I despise boiled eggs, probably because my mom thought every kid needed to start the day with one and insisted we kids gulp them down. Have overcome many of the food imprinting I got as a kid but still cannot stand a boilded egg, hard or soft. The albuminous covering of the yolk really turns me off.

But I make them - for others.  Still find folks like deviled eggs.

Have read books on cooking for years and have heard most of the variations I think.  Tried the push pin thing, never again.  It lets out gas and results with an egg without that pushed in appearacne at the fat end.  Sorry, am not doing that again. 

The addition of salt and vinegar may help but I don't understand it.

All I do is toss the eggs into cold water, bring it to a full boil, turn off the heat and let the covered pot sit for twelve minutes.  If the eggs are really big I let it go a bit beyond.

Then cool, no chill, in water with some ice cubes added.

That green, ferruginous color is not there, usually.  

Love eggs, just cannot deal with them boiled.  Blech, double blech, a thousand times blech.

Would like to appreciate them but just cannot.

Wish I could, love eggs made anyway else.


----------



## Calya (May 4, 2008)

I didn't know hb eggs were so complicated.

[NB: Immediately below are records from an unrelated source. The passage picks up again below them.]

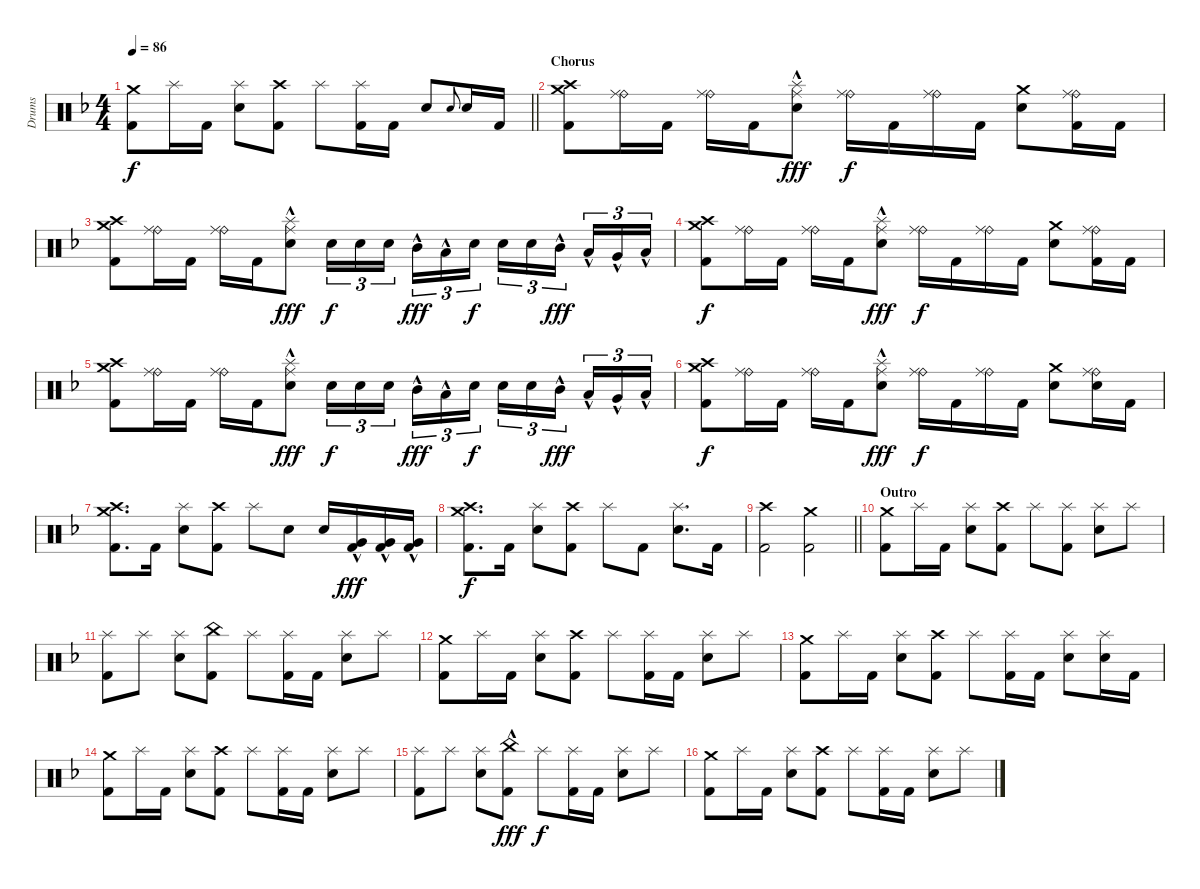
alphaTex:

\track ("Drums" "Drums") {instrument percussion}
\staff {score}
\articulation defaults
\ts (4 4)
\tempo 86
\clef neutral
\barLineRight lightlight
\ks dminor
("Crash medium (hit)" "Kick (hit) 2").8{dy f} "Splash (hit)".16 "Kick (hit) 2".16 ("Splash (hit)" "Snare (hit) 2").8 ("Crash high (hit)" "Kick (hit) 2").8 "Splash (hit)".8 ("Splash (hit)" "Kick (hit) 2").16 "Kick (hit) 2".16 "Snare (hit) 2".8 "Snare (hit) 2".8{gr onbeat} "Snare (hit) 2".16 "Kick (hit) 2".16 |
\section ("" "Chorus")
("Crash medium (hit)" "Crash high (hit)" "Kick (hit) 2").8 ("Ride (bell)" "Ride (middle)").16 "Kick (hit) 2".16 ("Ride (bell)" "Ride (middle)").16 "Kick (hit) 2".16 ("Splash (hit)"{hac} "Ride (middle)" "Snare (hit) 2").8{dy fff} ("Ride (bell)" "Ride (middle)").16{dy f} "Kick (hit) 2".16 ("Ride (bell)" "Ride (middle)").16 "Kick (hit) 2".16 ("Crash medium (hit)" "Snare (hit) 2").8 ("Ride (bell)" "Ride (middle)" "Kick (hit) 2").16 "Kick (hit) 2".16 |
("Crash medium (hit)" "Crash high (hit)" "Kick (hit) 2").8 ("Ride (bell)" "Ride (middle)").16 "Kick (hit) 2".16 ("Ride (bell)" "Ride (middle)").16 "Kick (hit) 2".16 ("Splash (hit)"{hac} "Ride (middle)" "Snare (hit) 2").8{dy fff} "Snare (hit) 2".16{tu (3 2) dy f} "Snare (hit) 2".16{tu (3 2)} "Snare (hit) 2".16{tu (3 2) beam splitsecondary} "Mid Tom (hit)"{hac}.16{tu (3 2) dy fff} "Low Tom (hit)"{hac}.16{tu (3 2)} "Snare (hit) 2".16{tu (3 2) dy f} "Snare (hit) 2".16{tu (3 2)} "Snare (hit) 2".16{tu (3 2)} "Mid Tom (hit)"{hac}.16{tu (3 2) dy fff beam splitsecondary} "Low Tom (hit)"{hac}.16{tu (3 2)} "Very Low Tom (hit)"{hac}.16{tu (3 2)} "Low Floor Tom (hit)"{hac}.16{tu (3 2)} |
("Crash medium (hit)" "Crash high (hit)" "Kick (hit) 2").8{dy f} ("Ride (bell)" "Ride (middle)").16 "Kick (hit) 2".16 ("Ride (bell)" "Ride (middle)").16 "Kick (hit) 2".16 ("Splash (hit)"{hac} "Ride (middle)" "Snare (hit) 2").8{dy fff} ("Ride (bell)" "Ride (middle)").16{dy f} "Kick (hit) 2".16 ("Ride (bell)" "Ride (middle)").16 "Kick (hit) 2".16 ("Crash medium (hit)" "Snare (hit) 2").8 ("Ride (bell)" "Ride (middle)" "Kick (hit) 2").16 "Kick (hit) 2".16 |
("Crash medium (hit)" "Crash high (hit)" "Kick (hit) 2").8 ("Ride (bell)" "Ride (middle)").16 "Kick (hit) 2".16 ("Ride (bell)" "Ride (middle)").16 "Kick (hit) 2".16 ("Splash (hit)"{hac} "Ride (middle)" "Snare (hit) 2").8{dy fff} "Snare (hit) 2".16{tu (3 2) dy f} "Snare (hit) 2".16{tu (3 2)} "Snare (hit) 2".16{tu (3 2) beam splitsecondary} "Mid Tom (hit)"{hac}.16{tu (3 2) dy fff} "Low Tom (hit)"{hac}.16{tu (3 2)} "Snare (hit) 2".16{tu (3 2) dy f} "Snare (hit) 2".16{tu (3 2)} "Snare (hit) 2".16{tu (3 2)} "Mid Tom (hit)"{hac}.16{tu (3 2) dy fff beam splitsecondary} "Low Tom (hit)"{hac}.16{tu (3 2)} "Very Low Tom (hit)"{hac}.16{tu (3 2)} "Low Floor Tom (hit)"{hac}.16{tu (3 2)} |
("Crash medium (hit)" "Crash high (hit)" "Kick (hit) 2").8{dy f} ("Ride (bell)" "Ride (middle)").16 "Kick (hit) 2".16 ("Ride (bell)" "Ride (middle)").16 "Kick (hit) 2".16 ("Splash (hit)"{hac} "Ride (middle)" "Snare (hit) 2").8{dy fff} ("Ride (bell)" "Ride (middle)").16{dy f} "Kick (hit) 2".16 ("Ride (bell)" "Ride (middle)").16 "Kick (hit) 2".16 ("Crash medium (hit)" "Snare (hit) 2").8 ("Ride (bell)" "Ride (middle)" "Snare (hit) 2").16 "Kick (hit) 2".16 |
("Crash medium (hit)" "Crash high (hit)" "Kick (hit) 2").8{d} "Kick (hit) 2".16 ("Splash (hit)" "Snare (hit) 2").8 ("Crash high (hit)" "Kick (hit) 2").8 "Splash (hit)".8 "Snare (hit) 2".8 "Snare (hit) 2".16 ("Very Low Tom (hit)"{hac} "Kick (hit) 2").16{dy fff} ("Very Low Tom (hit)"{hac} "Kick (hit) 2").16 ("Very Low Tom (hit)"{hac} "Kick (hit) 2").16 |
("Crash medium (hit)" "Crash high (hit)" "Kick (hit) 2").8{d dy f} "Kick (hit) 2".16 ("Splash (hit)" "Snare (hit) 2").8 ("Crash high (hit)" "Kick (hit) 2").8 "Splash (hit)".8 "Kick (hit) 2".8 ("Splash (hit)" "Snare (hit) 2").8{d} "Kick (hit) 2".16 |
\barLineRight lightlight
("Crash high (hit)" "Kick (hit) 2").2 ("Crash medium (hit)" "Kick (hit) 2").2 |
\section ("" "Outro")
("Crash medium (hit)" "Kick (hit) 2").8 "Splash (hit)".16 "Kick (hit) 2".16 ("Splash (hit)" "Snare (hit) 2").8 ("Crash high (hit)" "Kick (hit) 2").8 "Splash (hit)".8 ("Splash (hit)" "Kick (hit) 2").8 ("Splash (hit)" "Snare (hit) 2").8 "Splash (hit)".8 |
("Splash (hit)" "Kick (hit) 2").8 "Splash (hit)".8 ("Splash (hit)" "Snare (hit) 2").8 ("China (hit)" "Kick (hit) 2").8 "Splash (hit)".8 ("Splash (hit)" "Kick (hit) 2").16 "Kick (hit) 2".16 ("Splash (hit)" "Snare (hit) 2").8 "Splash (hit)".8 |
("Crash medium (hit)" "Kick (hit) 2").8 "Splash (hit)".16 "Kick (hit) 2".16 ("Splash (hit)" "Snare (hit) 2").8 ("Crash high (hit)" "Kick (hit) 2").8 "Splash (hit)".8 ("Splash (hit)" "Kick (hit) 2").16 "Kick (hit) 2".16 ("Splash (hit)" "Snare (hit) 2").8 "Splash (hit)".8 |
("Crash medium (hit)" "Kick (hit) 2").8 "Splash (hit)".16 "Kick (hit) 2".16 ("Splash (hit)" "Snare (hit) 2").8 ("Crash high (hit)" "Kick (hit) 2").8 "Splash (hit)".8 ("Splash (hit)" "Kick (hit) 2").16 "Kick (hit) 2".16 ("Splash (hit)" "Snare (hit) 2").8 ("Splash (hit)" "Snare (hit) 2").16 "Kick (hit) 2".16 |
("Crash medium (hit)" "Kick (hit) 2").8 "Splash (hit)".16 "Kick (hit) 2".16 ("Splash (hit)" "Snare (hit) 2").8 ("Crash high (hit)" "Kick (hit) 2").8 "Splash (hit)".8 ("Splash (hit)" "Kick (hit) 2").16 "Kick (hit) 2".16 ("Splash (hit)" "Snare (hit) 2").8 "Splash (hit)".8 |
("Splash (hit)" "Kick (hit) 2").8 "Splash (hit)".8 ("Splash (hit)" "Snare (hit) 2").8 ("China (hit)"{hac} "Kick (hit) 2").8{dy fff} "Splash (hit)".8{dy f} ("Splash (hit)" "Kick (hit) 2").16 "Kick (hit) 2".16 ("Splash (hit)" "Snare (hit) 2").8 "Splash (hit)".8 |
("Crash medium (hit)" "Kick (hit) 2").8 "Splash (hit)".16 "Kick (hit) 2".16 ("Splash (hit)" "Snare (hit) 2").8 ("Crash high (hit)" "Kick (hit) 2").8 "Splash (hit)".8 ("Splash (hit)" "Kick (hit) 2").16 "Kick (hit) 2".16 ("Splash (hit)" "Snare (hit) 2").8 "Splash (hit)".8

I just put a few eggs in a pot add water, bring to a boil, cook on medium for 10 minutes,drain the water and let them cool.

I will have to try some of these other methods. Maybe I am missing out on something. =)


----------



## auntdot (May 4, 2008)

Calya if it works for you great.


----------



## chefa1a (May 4, 2008)

*Perfect HB Eggs*

I have been a chef for 20 years

most recently in a place where we had egg salad on the lunch menu

Bring a pot of eggs and cold water to a boil 

Shut Off and let sit for about 8 minutes

you want to peel them when they are warm

as it is easier to take the shell off


----------



## pacanis (May 4, 2008)

Calya said:


> I didn't know hb eggs were so complicated. I just put a few eggs in a pot add water, bring to a boil, cook on medium for 10 minutes,drain the water and let them cool.
> 
> I will have to try some of these other methods. Maybe I am missing out on something. =)


 
From what I have read......   Making a hardboiled egg is fast approaching thawing frozen chicken methods.


----------